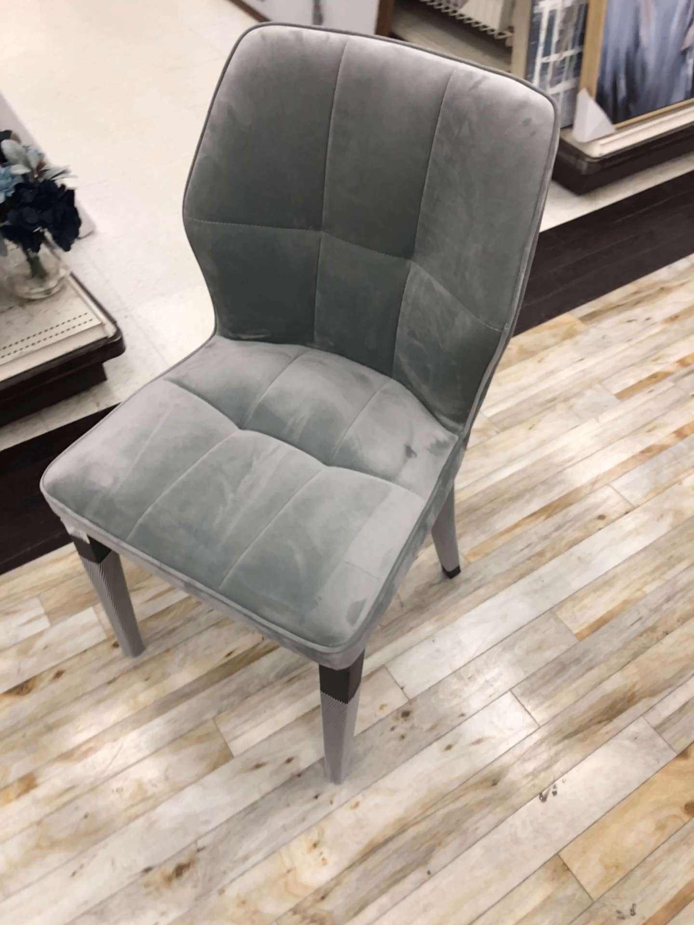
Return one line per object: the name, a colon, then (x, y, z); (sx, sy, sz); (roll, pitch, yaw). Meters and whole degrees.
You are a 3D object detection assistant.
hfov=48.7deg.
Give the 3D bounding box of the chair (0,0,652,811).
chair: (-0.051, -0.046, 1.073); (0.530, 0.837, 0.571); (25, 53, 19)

--

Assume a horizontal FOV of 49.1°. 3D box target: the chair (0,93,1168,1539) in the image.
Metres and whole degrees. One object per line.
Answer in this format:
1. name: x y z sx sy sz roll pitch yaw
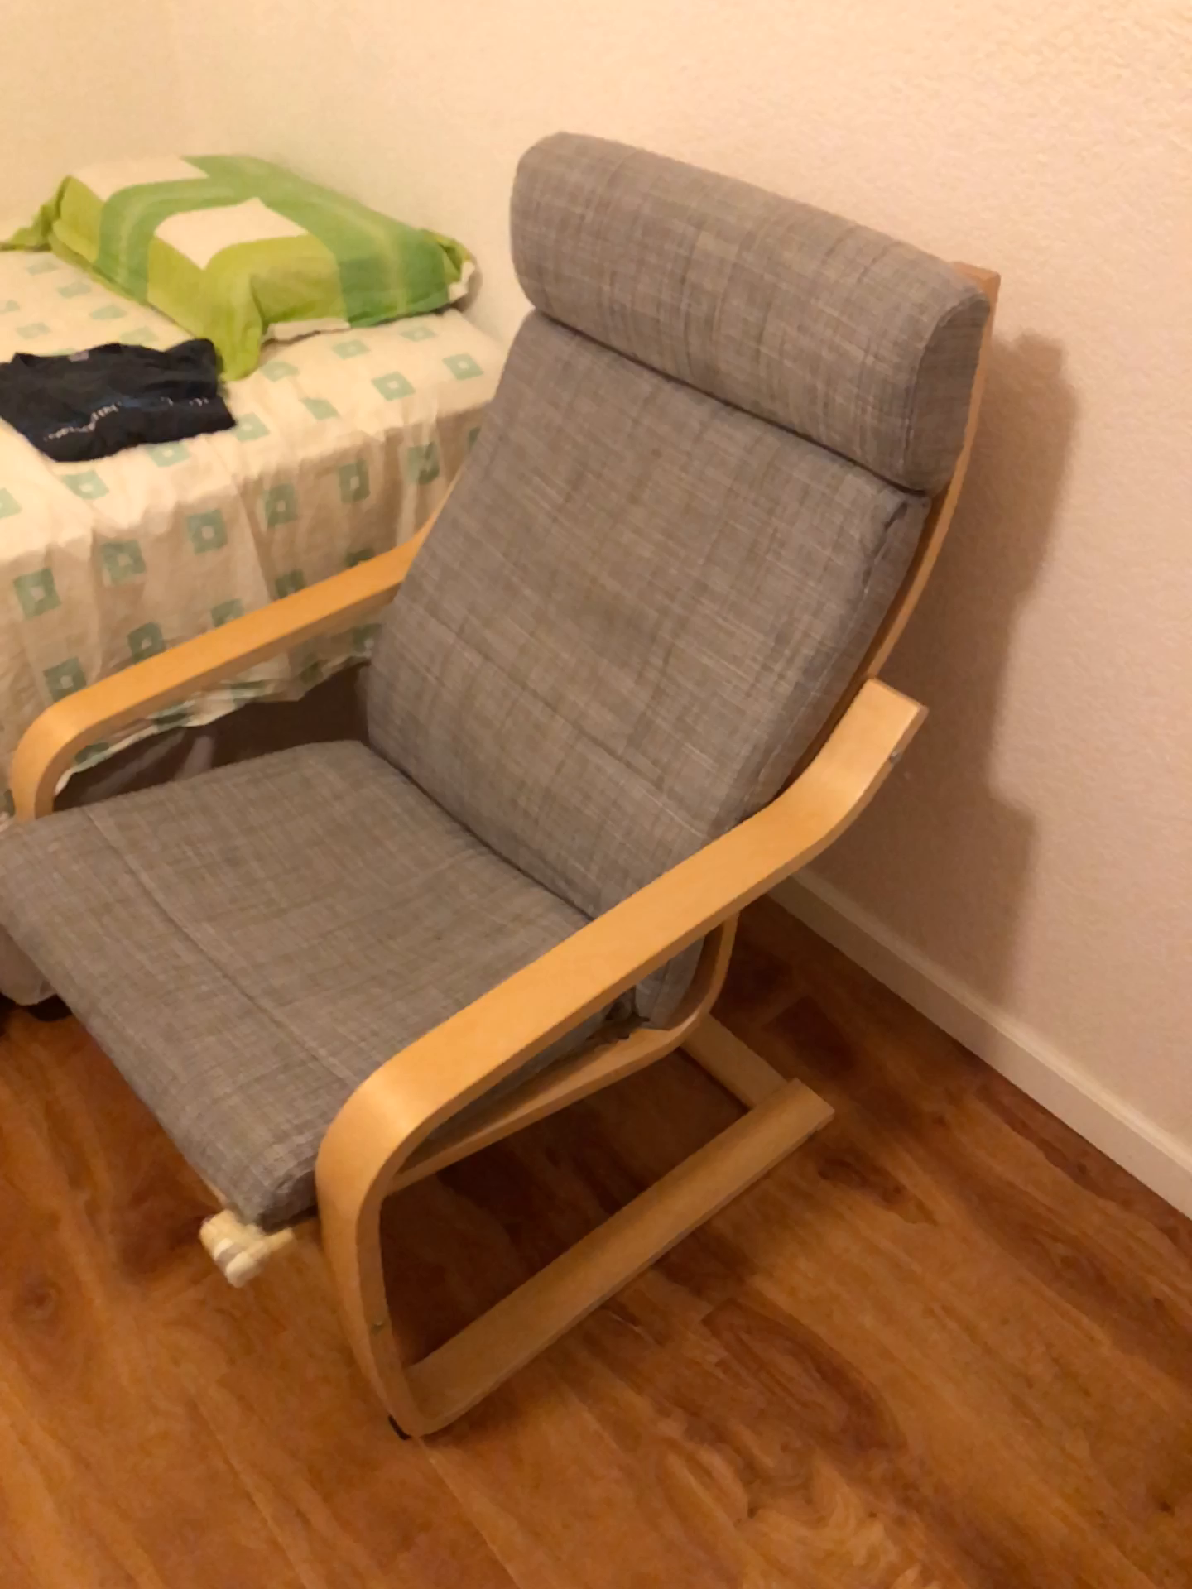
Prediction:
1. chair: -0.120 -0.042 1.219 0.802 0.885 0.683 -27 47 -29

...

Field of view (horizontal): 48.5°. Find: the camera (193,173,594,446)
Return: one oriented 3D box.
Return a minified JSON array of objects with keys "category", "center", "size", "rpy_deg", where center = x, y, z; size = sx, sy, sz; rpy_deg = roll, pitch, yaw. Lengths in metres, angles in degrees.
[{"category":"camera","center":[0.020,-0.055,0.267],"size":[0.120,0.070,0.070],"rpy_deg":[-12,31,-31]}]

### TASK DIRECTIONS
Go back to the listing above. Copy word for word the lines from the one with "Return one line" through the one with "hfov=48.7deg.", and nothing more.

### EXERCISE RESULT
Return one line per object: the name, a colon, then (x, y, z); (sx, sy, sz); (roll, pitch, yaw). Meters and whole degrees.
You are a 3D object detection assistant.
hfov=48.7deg.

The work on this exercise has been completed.